European airline maintenance, repair and overhaul (MRO) providers may shift operations to the USA to evade the continuing fall in the US dollar. With the dollar down 28% over the past two years, MRO companies across Europe have been feeling the pressure.

If the dollar continues to fall, Lufthansa Technik (LHT) says it may start shifting some operations from Europe and Asia to the USA to take advantage of lower labour costs: "Our US operation [in Tulsa] includes landing gear and thrust reverser maintenance and support of business jet operations, and we would try to shift this work between our subsidiaries in Asia, Europe and the USA. Our US factory can accommodate this but we would need to hire more employees. If we think that this is a long-term trend, we would have to build more factories," it says.

MRO operators in Europe are partly hedged, as most of their suppliers sell in dollars and cheaper parts costs balance out lower revenues from dollar customers.
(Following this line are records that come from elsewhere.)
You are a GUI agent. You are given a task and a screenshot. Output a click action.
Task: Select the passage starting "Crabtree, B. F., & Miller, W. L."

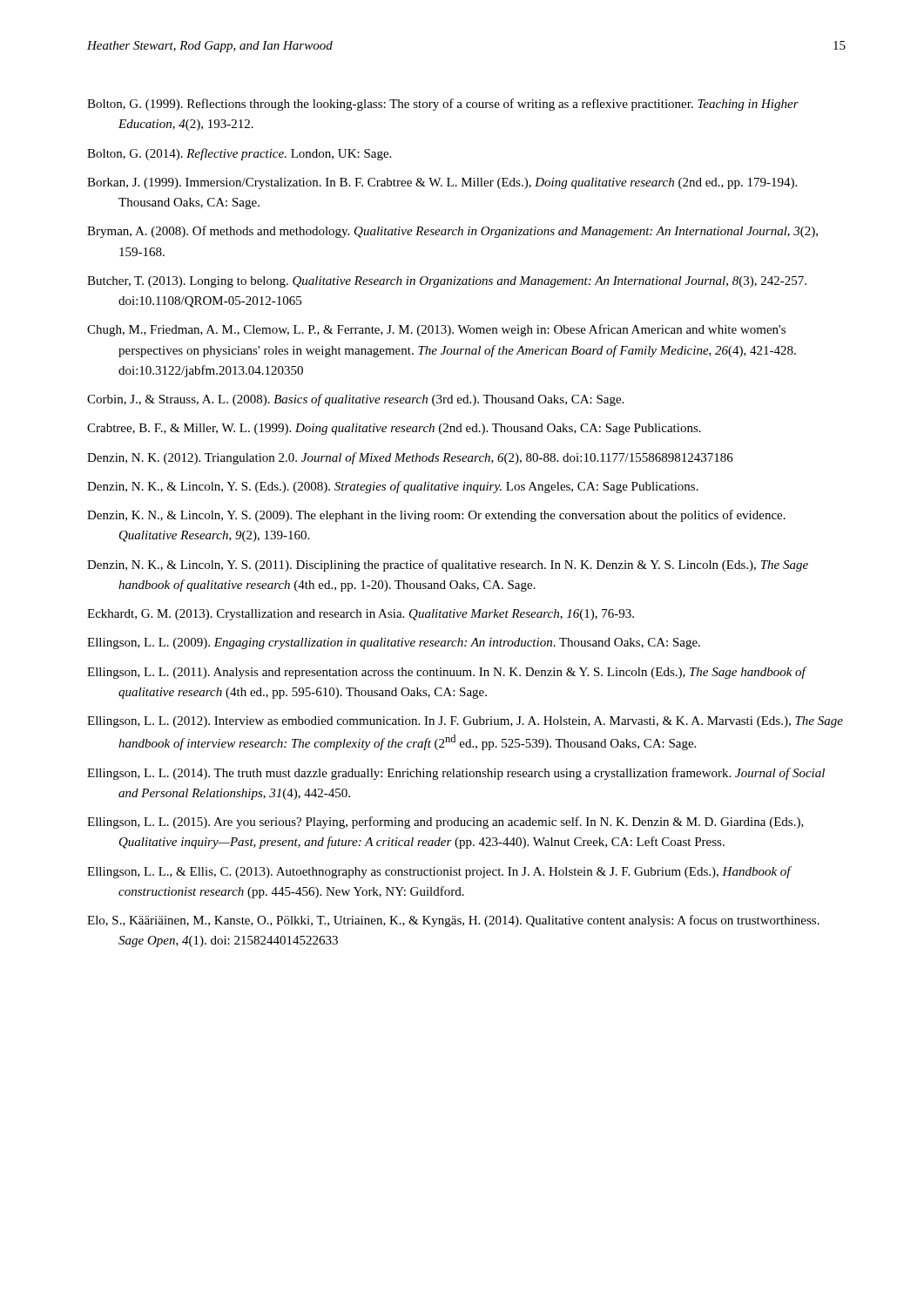pyautogui.click(x=394, y=428)
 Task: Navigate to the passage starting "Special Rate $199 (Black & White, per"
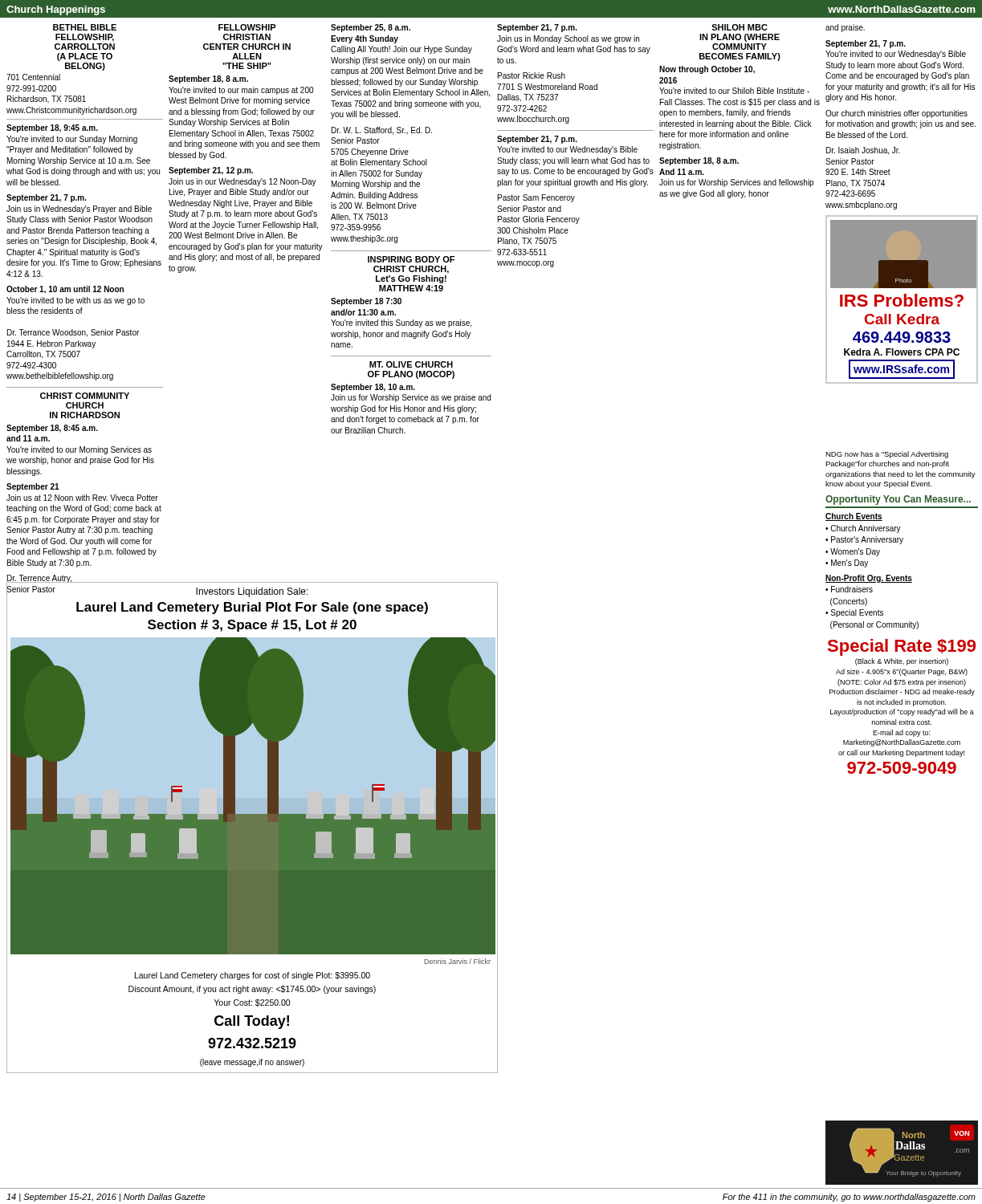coord(902,707)
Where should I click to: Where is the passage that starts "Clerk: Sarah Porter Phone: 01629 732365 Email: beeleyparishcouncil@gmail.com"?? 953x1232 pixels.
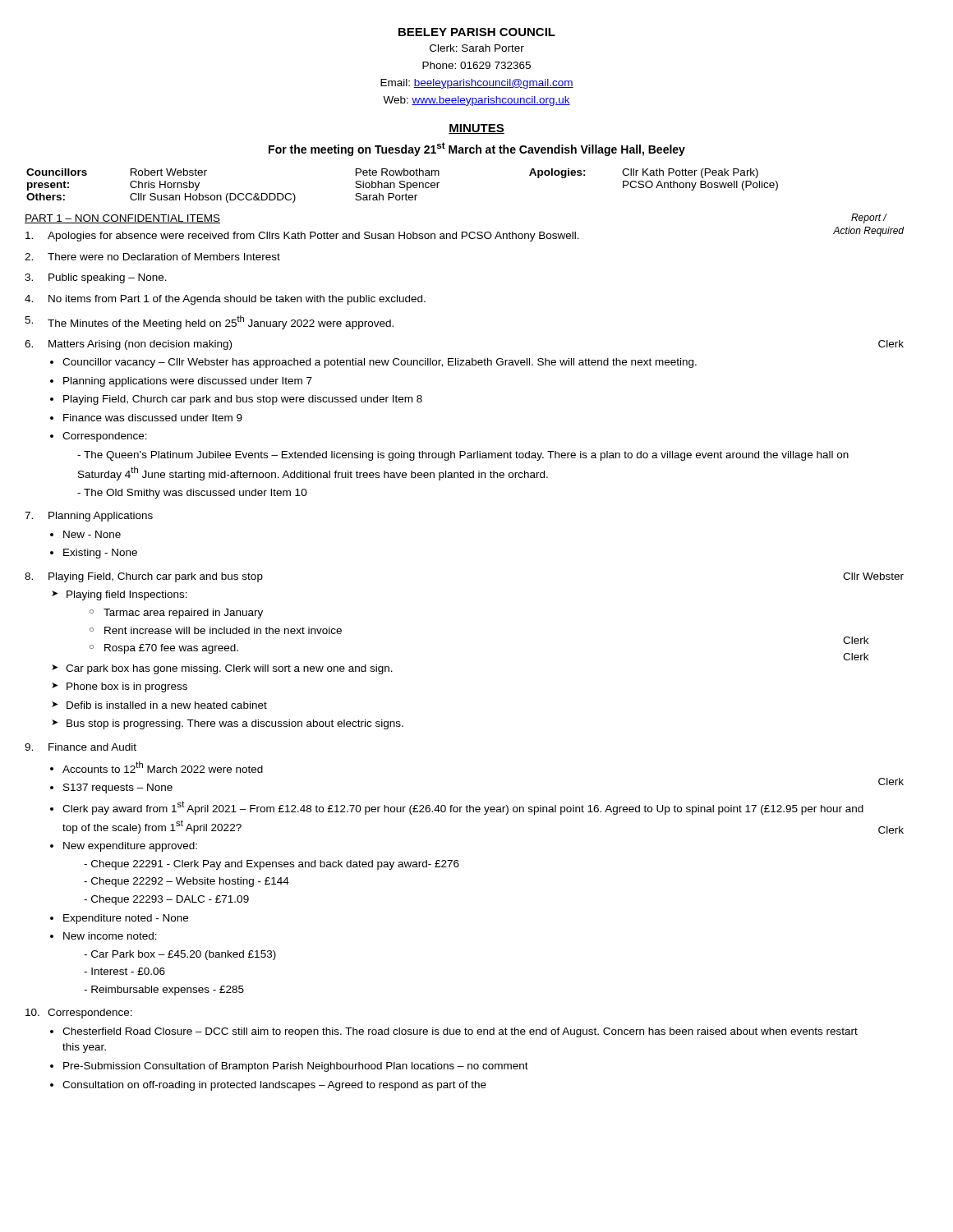[476, 74]
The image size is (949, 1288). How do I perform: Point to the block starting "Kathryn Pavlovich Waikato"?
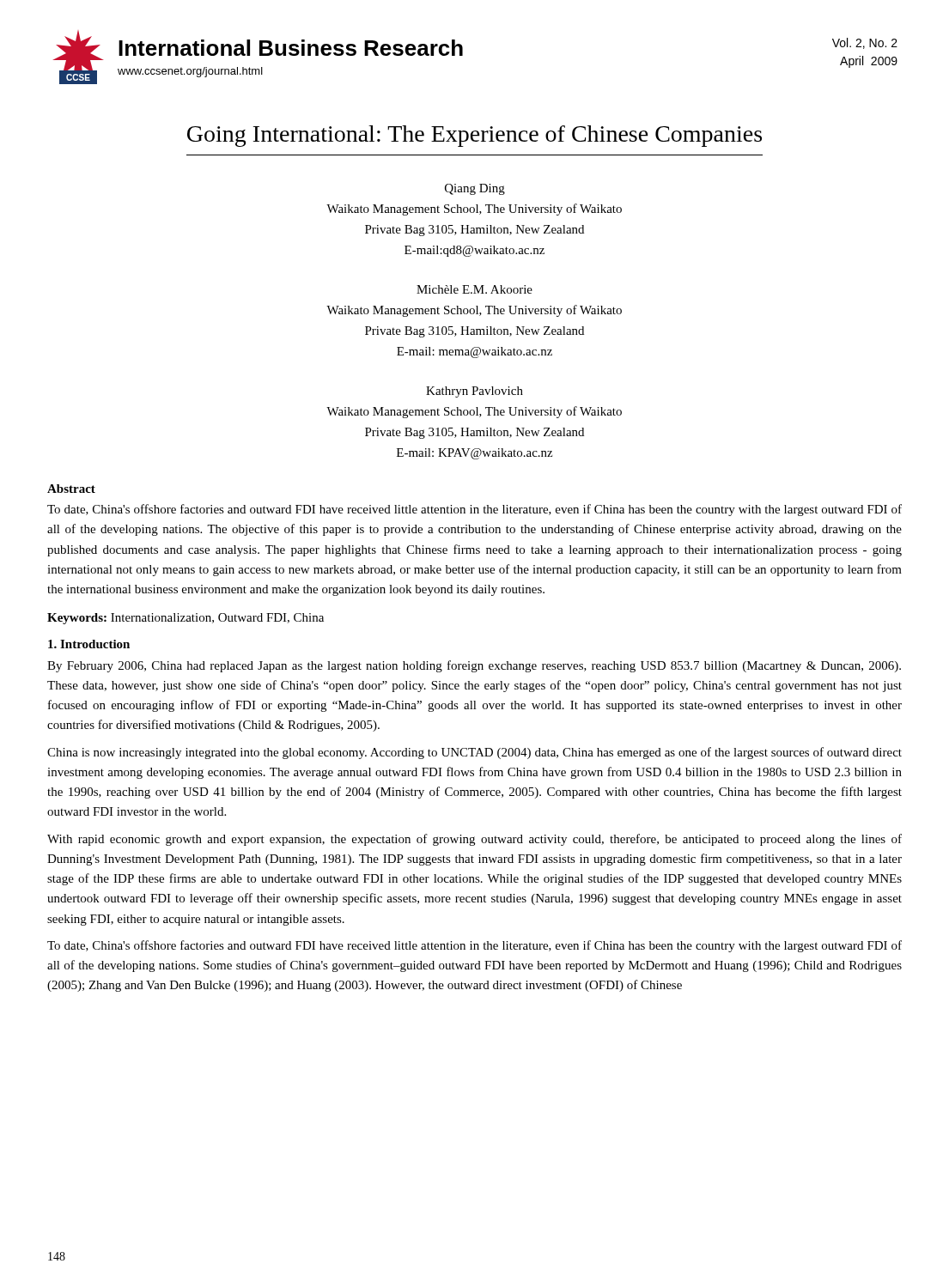pos(474,422)

But labour costs are still in euros, pushing up costs, says Airbus MRO specialist SR Technics: "As for every other company working outside the dollar region, the cost base of SR Tech- nics has increased." Some are taking precautions against this: SR Technics hedges up to 80% of its dollar exposure. LHT may follow suit: "We do not hedge on a large scale at the moment, but we will be using it in the future," it says.

MRO sales departments are not seeing European customers move to cheaper rivals in the USA. "The ferry flight cost is still quite high...and there is a lack of high-performance Airbus maintenance suppliers in the USA," says SR Technics vice-president of sales and marketing Tim Talaat.